The Secretary of State has the power under the Criminal Justice Act 2003 to release all civil detainees.
A spokesman at the MOJ declined to comment as there was an “active investigation into this matter.” They added “this ongoing investigation is specifically regarding the removal of foreign nationals who are civil detainees:”
In a developing twist the Guardian newspaper reported of a disproportionate targeting of convicted Jamaicans and Albanians for deportation from the UK. Award winning investigative reporter Peter Walker, for the Guardian, highlighted the apparent deliberate targeting of Jamaicans and Albanians over other foreign nationals. For nearly a year the Home Office refused to supply the Guardian with the DATA, but the Guardian insisted and appealed to the Information Commissioner who in a scathing decision ruled against the Home Office leading the disclosure and further scandal.

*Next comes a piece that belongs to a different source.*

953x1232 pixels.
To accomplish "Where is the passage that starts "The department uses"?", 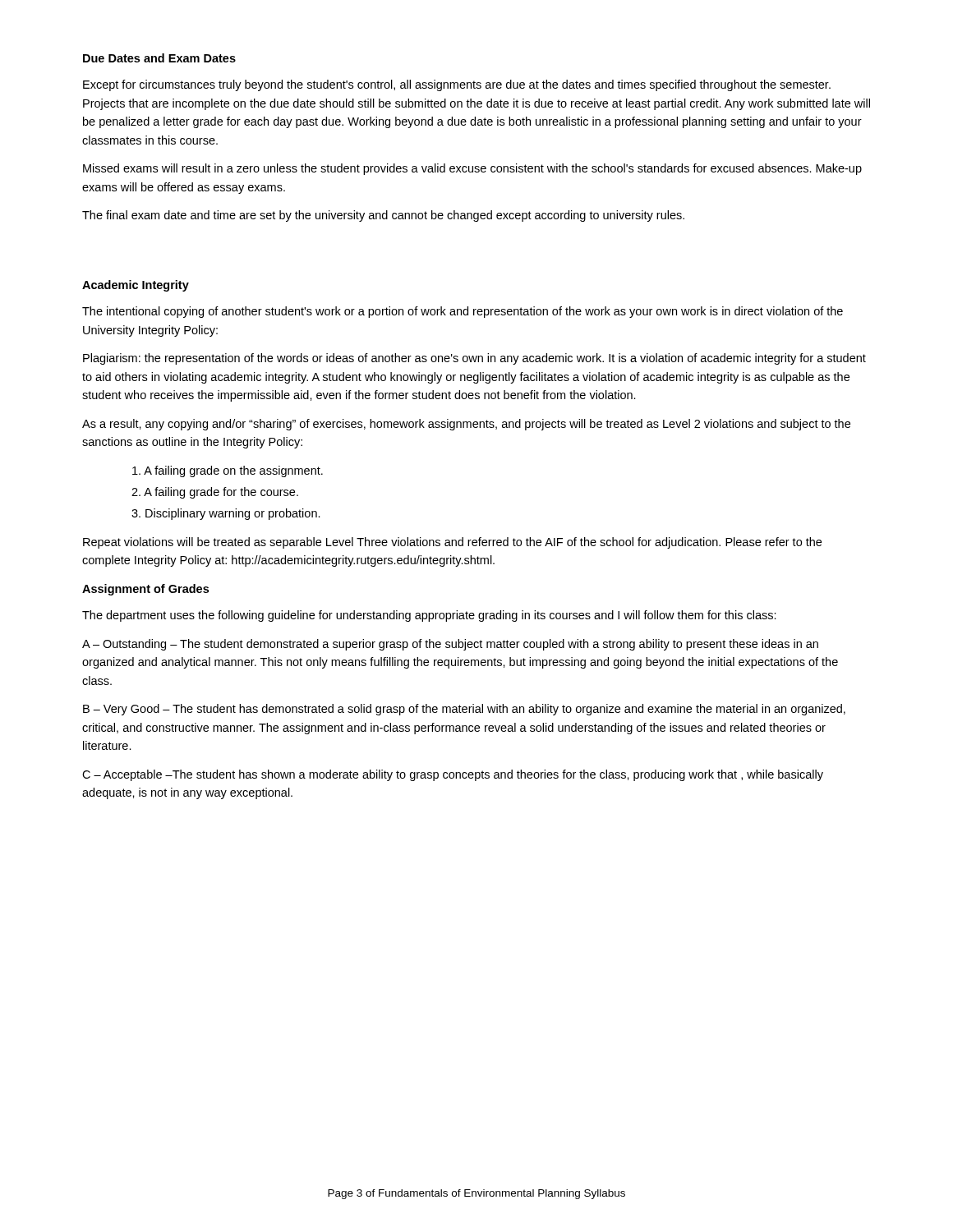I will click(429, 615).
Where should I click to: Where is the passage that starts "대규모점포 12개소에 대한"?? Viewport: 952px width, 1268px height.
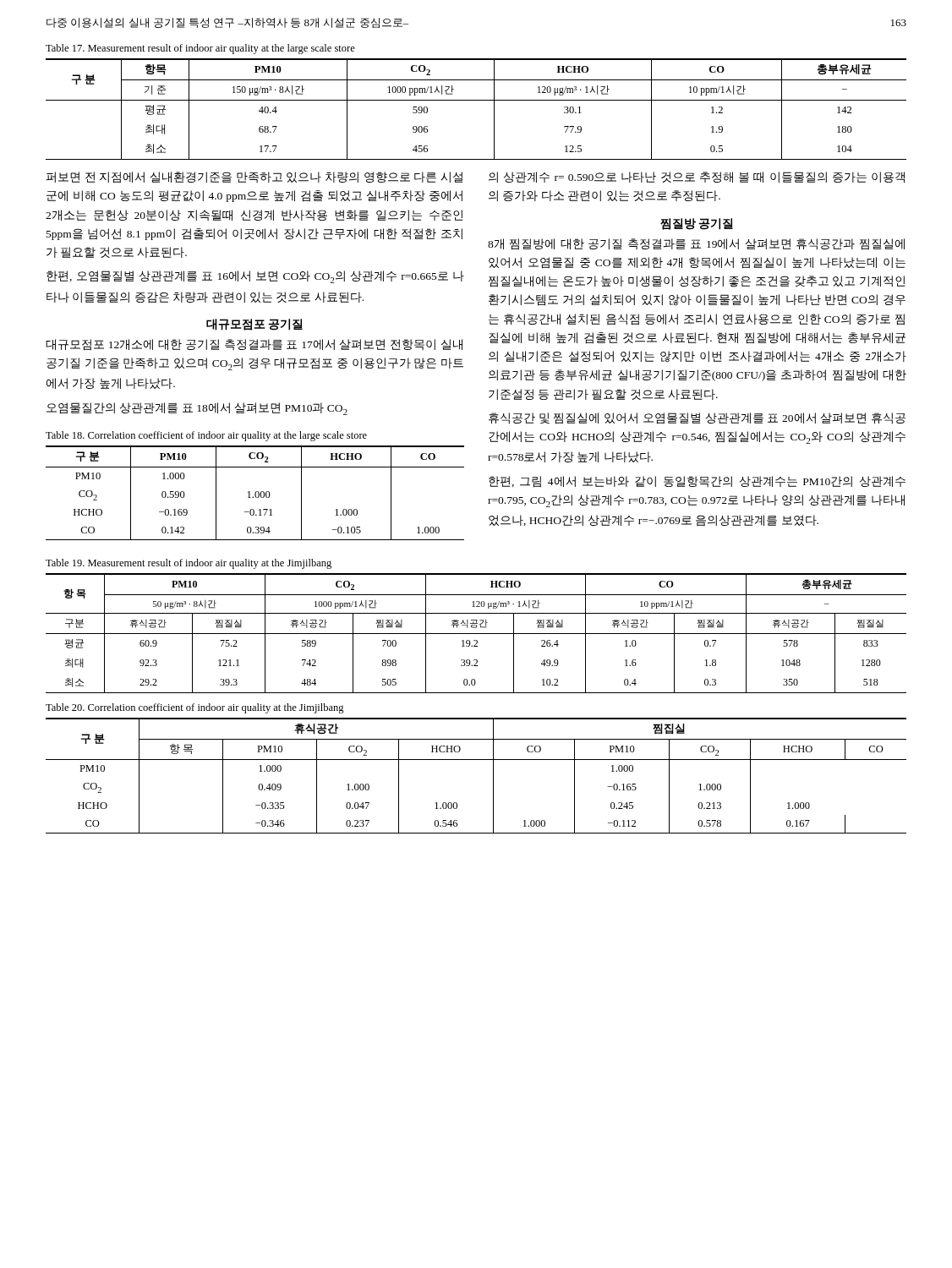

In another incredible twist two civil detainees in a similar position to Di Stefano filed applications for Habeas Corpus with the High Court on the 26 July 2021 for arbitrary detention. The family of the detainees that we name only by their initials HK and MC were told that the papers where “lost”. A second set of papers were also lost, and a third set, not withstanding, having a tracking number appeared at the High Court and vanished. The Ministry of Justice and the Press Office for the High Court declined to comment.